■ **Aim of the task**
Here the job is to transcribe the data verbatim while leaving each picture out.

■ **Exercise inputs**
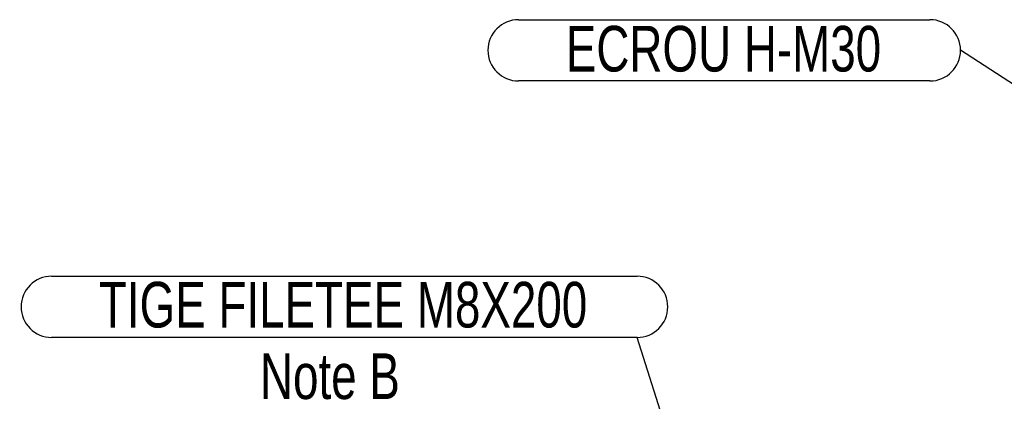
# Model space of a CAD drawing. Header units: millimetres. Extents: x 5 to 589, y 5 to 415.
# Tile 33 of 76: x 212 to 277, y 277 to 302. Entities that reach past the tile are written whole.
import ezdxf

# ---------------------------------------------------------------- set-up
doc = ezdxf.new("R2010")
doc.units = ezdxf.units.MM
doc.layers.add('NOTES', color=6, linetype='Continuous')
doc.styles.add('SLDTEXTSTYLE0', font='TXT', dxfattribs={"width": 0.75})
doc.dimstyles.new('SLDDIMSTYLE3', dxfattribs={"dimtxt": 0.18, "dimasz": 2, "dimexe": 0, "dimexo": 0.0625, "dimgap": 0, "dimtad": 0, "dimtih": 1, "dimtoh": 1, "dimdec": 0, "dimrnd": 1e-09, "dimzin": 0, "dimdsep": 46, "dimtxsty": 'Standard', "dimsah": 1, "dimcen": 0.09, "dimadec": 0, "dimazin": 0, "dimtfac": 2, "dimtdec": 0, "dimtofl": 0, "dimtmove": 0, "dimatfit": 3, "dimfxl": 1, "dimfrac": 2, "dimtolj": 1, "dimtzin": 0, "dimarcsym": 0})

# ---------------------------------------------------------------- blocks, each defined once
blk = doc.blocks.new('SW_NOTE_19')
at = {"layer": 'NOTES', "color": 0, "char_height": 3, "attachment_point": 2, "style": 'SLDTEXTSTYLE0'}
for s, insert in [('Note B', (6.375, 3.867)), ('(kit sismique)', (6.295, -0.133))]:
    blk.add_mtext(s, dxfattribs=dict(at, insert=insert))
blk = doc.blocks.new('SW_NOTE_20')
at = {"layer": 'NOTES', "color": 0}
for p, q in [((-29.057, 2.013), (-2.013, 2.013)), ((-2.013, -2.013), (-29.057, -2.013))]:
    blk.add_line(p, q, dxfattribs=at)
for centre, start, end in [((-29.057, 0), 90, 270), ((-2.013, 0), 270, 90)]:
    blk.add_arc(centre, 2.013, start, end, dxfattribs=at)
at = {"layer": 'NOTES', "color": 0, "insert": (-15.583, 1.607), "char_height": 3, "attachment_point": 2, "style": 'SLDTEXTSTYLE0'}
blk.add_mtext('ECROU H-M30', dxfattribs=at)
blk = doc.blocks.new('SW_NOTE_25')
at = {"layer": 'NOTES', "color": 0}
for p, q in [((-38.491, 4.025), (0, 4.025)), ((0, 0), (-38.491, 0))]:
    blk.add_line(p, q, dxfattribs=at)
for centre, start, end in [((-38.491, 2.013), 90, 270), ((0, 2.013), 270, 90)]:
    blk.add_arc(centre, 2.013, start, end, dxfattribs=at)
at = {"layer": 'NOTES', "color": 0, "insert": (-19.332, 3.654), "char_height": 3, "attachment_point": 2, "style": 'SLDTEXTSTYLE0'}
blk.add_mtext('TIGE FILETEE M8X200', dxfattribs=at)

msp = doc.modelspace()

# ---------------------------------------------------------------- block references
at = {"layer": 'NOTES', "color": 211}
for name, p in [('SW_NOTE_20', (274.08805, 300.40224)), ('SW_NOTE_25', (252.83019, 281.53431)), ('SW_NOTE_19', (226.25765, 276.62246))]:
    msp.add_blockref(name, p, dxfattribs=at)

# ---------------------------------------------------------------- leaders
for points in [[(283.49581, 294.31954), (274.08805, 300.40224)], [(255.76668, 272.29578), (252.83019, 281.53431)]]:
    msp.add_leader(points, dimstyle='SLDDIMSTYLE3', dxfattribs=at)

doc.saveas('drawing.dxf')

■ **Solution**
# Model space of a CAD drawing. Header units: millimetres. Extents: x 5 to 589, y 5 to 415.
# Tile 33 of 76: x 212 to 277, y 277 to 302. Entities that reach past the tile are written whole.
import ezdxf

# ---------------------------------------------------------------- set-up
doc = ezdxf.new("R2010")
doc.units = ezdxf.units.MM
doc.layers.add('NOTES', color=6, linetype='Continuous')
doc.styles.add('SLDTEXTSTYLE0', font='TXT', dxfattribs={"width": 0.75})
doc.dimstyles.new('SLDDIMSTYLE3', dxfattribs={"dimtxt": 0.18, "dimasz": 2, "dimexe": 0, "dimexo": 0.0625, "dimgap": 0, "dimtad": 0, "dimtih": 1, "dimtoh": 1, "dimdec": 0, "dimrnd": 1e-09, "dimzin": 0, "dimdsep": 46, "dimtxsty": 'Standard', "dimsah": 1, "dimcen": 0.09, "dimadec": 0, "dimazin": 0, "dimtfac": 2, "dimtdec": 0, "dimtofl": 0, "dimtmove": 0, "dimatfit": 3, "dimfxl": 1, "dimfrac": 2, "dimtolj": 1, "dimtzin": 0, "dimarcsym": 0})

# ---------------------------------------------------------------- blocks, each defined once
blk = doc.blocks.new('SW_NOTE_19')
at = {"layer": 'NOTES', "color": 0, "char_height": 3, "attachment_point": 2, "style": 'SLDTEXTSTYLE0'}
for s, insert in [('Note B', (6.375, 3.867)), ('(kit sismique)', (6.295, -0.133))]:
    blk.add_mtext(s, dxfattribs=dict(at, insert=insert))
blk = doc.blocks.new('SW_NOTE_20')
at = {"layer": 'NOTES', "color": 0}
for p, q in [((-29.057, 2.013), (-2.013, 2.013)), ((-2.013, -2.013), (-29.057, -2.013))]:
    blk.add_line(p, q, dxfattribs=at)
for centre, start, end in [((-29.057, 0), 90, 270), ((-2.013, 0), 270, 90)]:
    blk.add_arc(centre, 2.013, start, end, dxfattribs=at)
at = {"layer": 'NOTES', "color": 0, "insert": (-15.583, 1.607), "char_height": 3, "attachment_point": 2, "style": 'SLDTEXTSTYLE0'}
blk.add_mtext('ECROU H-M30', dxfattribs=at)
blk = doc.blocks.new('SW_NOTE_25')
at = {"layer": 'NOTES', "color": 0}
for p, q in [((-38.491, 4.025), (0, 4.025)), ((0, 0), (-38.491, 0))]:
    blk.add_line(p, q, dxfattribs=at)
for centre, start, end in [((-38.491, 2.013), 90, 270), ((0, 2.013), 270, 90)]:
    blk.add_arc(centre, 2.013, start, end, dxfattribs=at)
at = {"layer": 'NOTES', "color": 0, "insert": (-19.332, 3.654), "char_height": 3, "attachment_point": 2, "style": 'SLDTEXTSTYLE0'}
blk.add_mtext('TIGE FILETEE M8X200', dxfattribs=at)

msp = doc.modelspace()

# ---------------------------------------------------------------- block references
at = {"layer": 'NOTES', "color": 211}
for name, p in [('SW_NOTE_20', (274.08805, 300.40224)), ('SW_NOTE_25', (252.83019, 281.53431)), ('SW_NOTE_19', (226.25765, 276.62246))]:
    msp.add_blockref(name, p, dxfattribs=at)

# ---------------------------------------------------------------- leaders
for points in [[(283.49581, 294.31954), (274.08805, 300.40224)], [(255.76668, 272.29578), (252.83019, 281.53431)]]:
    msp.add_leader(points, dimstyle='SLDDIMSTYLE3', dxfattribs=at)

doc.saveas('drawing.dxf')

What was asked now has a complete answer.